I have seen graduates of mathematics that became Professors of Econometrics in Economics departments in universities in Europe, but not in Nigerian universities. I have seen a graduate of Chemistry that became a Professor of Engineering in Europe, but not in Nigerian universities. I have seen a graduate of Physics that became a Professor of Electric Power Engineering in Europe, but not in Nigerian universities. In Nigeria, I have seen Engr (Prof) XXX boldly written on our doors in the department but not in the universities in Europe. Are we having an identity crisis?
Professional bodies that are supposed to focus on the regulation of Professionals in the field should focus on their mandate and not be given free hands to change University policies as it pleases them. If we don’t end their interference, just like the medical council, COREN could wake up one day to tell our universities that there is a need for colleges of Engineering with departments of mathematics and physics to service the college because those in Mathematics and Physics departments are not qualified to teach engineering students because they don’t have engineering degrees. Vet council, Pharmaceuticals council, builders council, architects council, Quantity surveyors council, etc, may follow. So, how are we going to handle that?

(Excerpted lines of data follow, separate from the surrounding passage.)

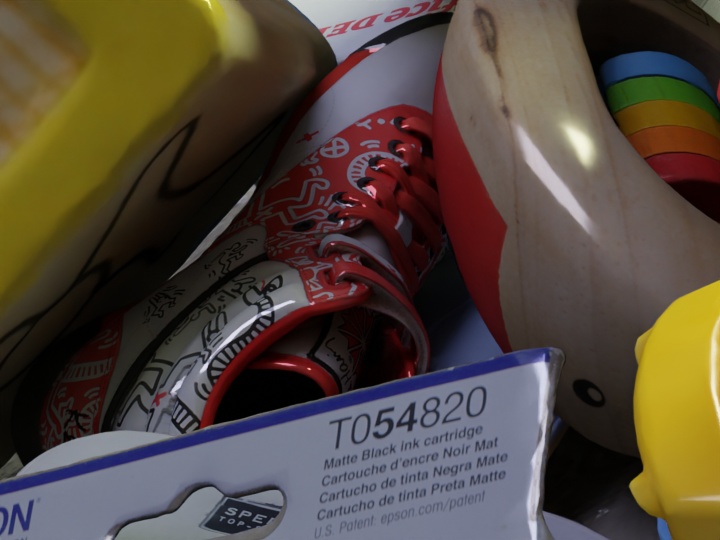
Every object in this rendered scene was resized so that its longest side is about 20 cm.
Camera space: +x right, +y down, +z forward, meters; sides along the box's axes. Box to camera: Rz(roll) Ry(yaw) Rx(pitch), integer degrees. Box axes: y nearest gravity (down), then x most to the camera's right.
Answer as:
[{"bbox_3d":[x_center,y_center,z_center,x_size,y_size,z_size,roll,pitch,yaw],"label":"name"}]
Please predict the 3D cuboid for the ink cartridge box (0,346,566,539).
[{"bbox_3d":[-0.040,0.127,0.656,0.199,0.041,0.200,-15,48,33],"label":"ink cartridge box"}]

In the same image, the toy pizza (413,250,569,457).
[{"bbox_3d":[-0.015,0.060,0.870,0.200,0.032,0.200,-25,21,10],"label":"toy pizza"}]

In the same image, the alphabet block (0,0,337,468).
[{"bbox_3d":[-0.146,-0.058,0.875,0.195,0.196,0.200,-50,-5,6],"label":"alphabet block"}]

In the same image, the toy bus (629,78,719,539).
[{"bbox_3d":[0.114,0.035,0.529,0.200,0.192,0.136,-36,20,22],"label":"toy bus"}]

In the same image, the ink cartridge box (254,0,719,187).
[{"bbox_3d":[0.061,-0.093,1.040,0.145,0.083,0.200,-10,29,39],"label":"ink cartridge box"}]

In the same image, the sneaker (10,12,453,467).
[{"bbox_3d":[0.000,0.001,0.851,0.201,0.067,0.108,-43,25,-23],"label":"sneaker"}]

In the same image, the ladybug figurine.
[{"bbox_3d":[0.074,-0.017,0.814,0.072,0.136,0.200,-53,21,26],"label":"ladybug figurine"}]

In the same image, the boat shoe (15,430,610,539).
[{"bbox_3d":[-0.001,0.096,0.728,0.200,0.066,0.072,10,36,27],"label":"boat shoe"}]
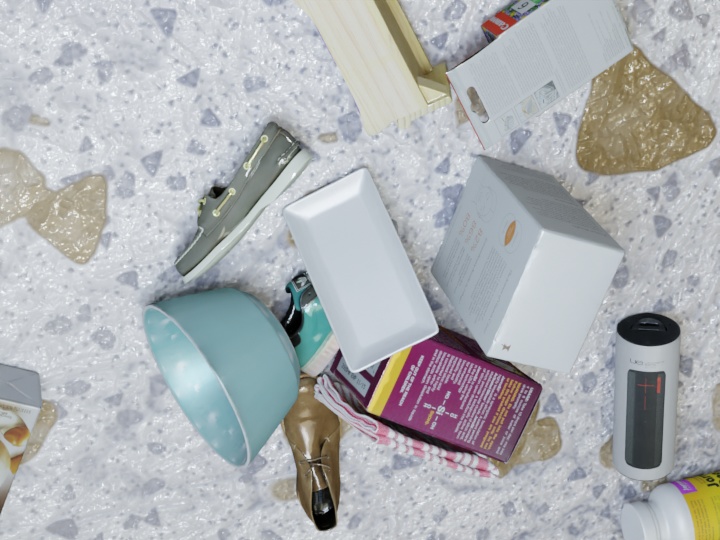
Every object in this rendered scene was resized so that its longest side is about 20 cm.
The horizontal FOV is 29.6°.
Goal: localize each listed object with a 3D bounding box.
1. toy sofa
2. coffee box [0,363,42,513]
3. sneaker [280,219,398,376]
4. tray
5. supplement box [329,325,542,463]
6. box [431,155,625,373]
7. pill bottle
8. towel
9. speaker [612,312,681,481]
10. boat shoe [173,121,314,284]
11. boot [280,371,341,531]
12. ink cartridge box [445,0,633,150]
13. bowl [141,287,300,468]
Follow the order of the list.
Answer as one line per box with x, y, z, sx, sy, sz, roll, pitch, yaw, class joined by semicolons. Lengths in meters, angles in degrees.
0.011;-0.245;1.378;0.097;0.083;0.201;-23;122;14;toy sofa
-0.428;0.200;1.467;0.113;0.080;0.202;16;110;-23;coffee box
-0.034;0.019;1.506;0.079;0.071;0.201;28;100;-22;sneaker
0.000;0.000;1.463;0.106;0.202;0.022;-25;164;4;tray
0.085;0.123;1.554;0.198;0.131;0.104;23;96;-25;supplement box
0.176;-0.009;1.483;0.105;0.200;0.154;13;113;-23;box
0.448;0.324;1.793;0.197;0.104;0.106;-9;119;-13;pill bottle
0.054;0.180;1.557;0.199;0.146;0.030;23;95;-36;towel
0.354;0.156;1.694;0.080;0.081;0.203;-10;119;-12;speaker
-0.133;-0.069;1.434;0.060;0.072;0.202;44;110;-2;boat shoe
-0.050;0.214;1.598;0.073;0.076;0.203;-11;116;-7;boot
0.184;-0.230;1.452;0.199;0.050;0.110;-34;122;-3;ink cartridge box
-0.137;0.100;1.461;0.104;0.200;0.203;-31;123;-23;bowl

Let’s stick to the founding principles of the university. Universities have world standards. We can stick to our British standard or borrow a leaf from the world’s top universities to improve our system, instead of allowing professional bodies to manipulate us and create barriers within the university system that will further slow down the progress we are to make.
Our universities are not in it’s best form and we have to do what we have to do to improve them. We should be more preoccupied with that. We should be discussing how to reposition Nigerian universities to be able to stand up to our various challenges and not duplicate departments without facilities because some Councils of professionals said so.
Finally, to my colleagues in Electric power engineering or high voltage engineering in Nigerian universities, you are welcome to experience our High Voltage Materials Laboratory in the Department of Physics, Ahmadu Bello University Zaria. We have a 400 kV DC generator and 100 kV AC source with a partial discharge measurement system to serve you. Join us to learn the physics of electric power equipment. We do not have barriers!